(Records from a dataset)
━━━━━━━━━━━━━━━━━━━━━━━━━━━━━━
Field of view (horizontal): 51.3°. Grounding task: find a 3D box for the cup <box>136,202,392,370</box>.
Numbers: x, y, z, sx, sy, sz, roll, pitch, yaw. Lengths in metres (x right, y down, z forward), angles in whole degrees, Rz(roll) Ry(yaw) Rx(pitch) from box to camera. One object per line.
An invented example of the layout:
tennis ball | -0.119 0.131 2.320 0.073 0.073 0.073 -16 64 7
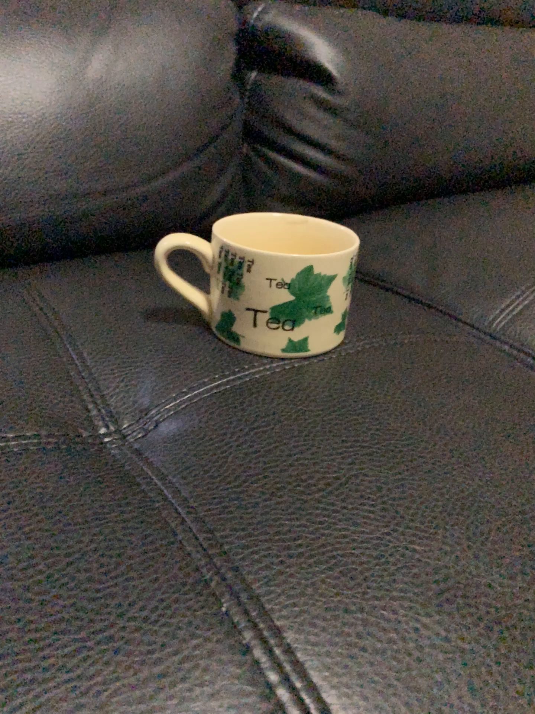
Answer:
cup | -0.008 -0.044 0.306 0.118 0.060 0.091 -2 29 -10
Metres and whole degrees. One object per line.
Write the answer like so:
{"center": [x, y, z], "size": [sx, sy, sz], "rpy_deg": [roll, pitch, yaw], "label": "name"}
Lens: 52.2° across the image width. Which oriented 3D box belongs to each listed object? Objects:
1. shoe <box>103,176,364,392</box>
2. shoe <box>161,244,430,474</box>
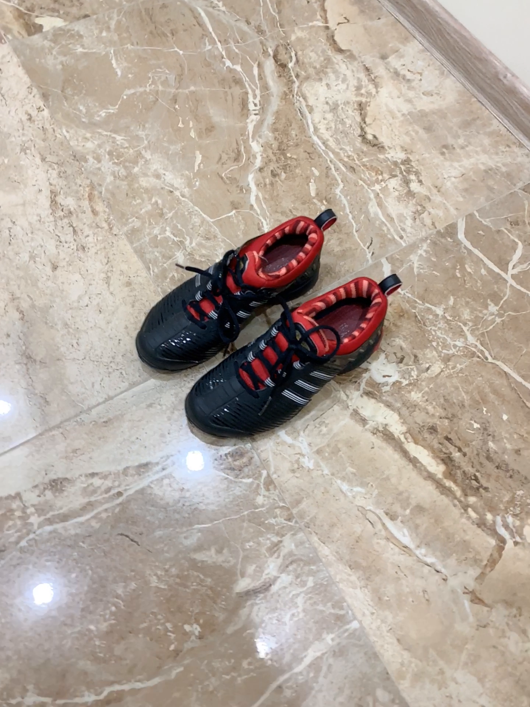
━━━━━━━━━━━━━━━━━━━━━━━━━━━━━━
• **DESCRIPTION OF THE TASK**: I would like you to retype exactly the lines running from the one containing "Numbers: x, y, z, sx, sy, sz, roll, pitch, yaw." to the last line of the entries, both included, leaving all pictures out.

• **RESULT OF THE TASK**:
Numbers: x, y, z, sx, sy, sz, roll, pitch, yaw. Lengths in metres (x right, y down, z forward), angles in whole degrees, Rz(roll) Ry(yaw) Rx(pitch) from box to camera. One object per line.
An invented example of the layout:
tennis ball | -0.119 0.131 2.320 0.073 0.073 0.073 -16 64 7
Answer:
cup | -0.008 -0.044 0.306 0.118 0.060 0.091 -2 29 -10
Metres and whole degrees. One object per line.
Write the answer like so:
{"center": [x, y, z], "size": [sx, sy, sz], "rpy_deg": [roll, pitch, yaw], "label": "name"}
Lens: 52.2° across the image width. Which oriented 3D box belongs to each listed object? Objects:
1. shoe <box>103,176,364,392</box>
2. shoe <box>161,244,430,474</box>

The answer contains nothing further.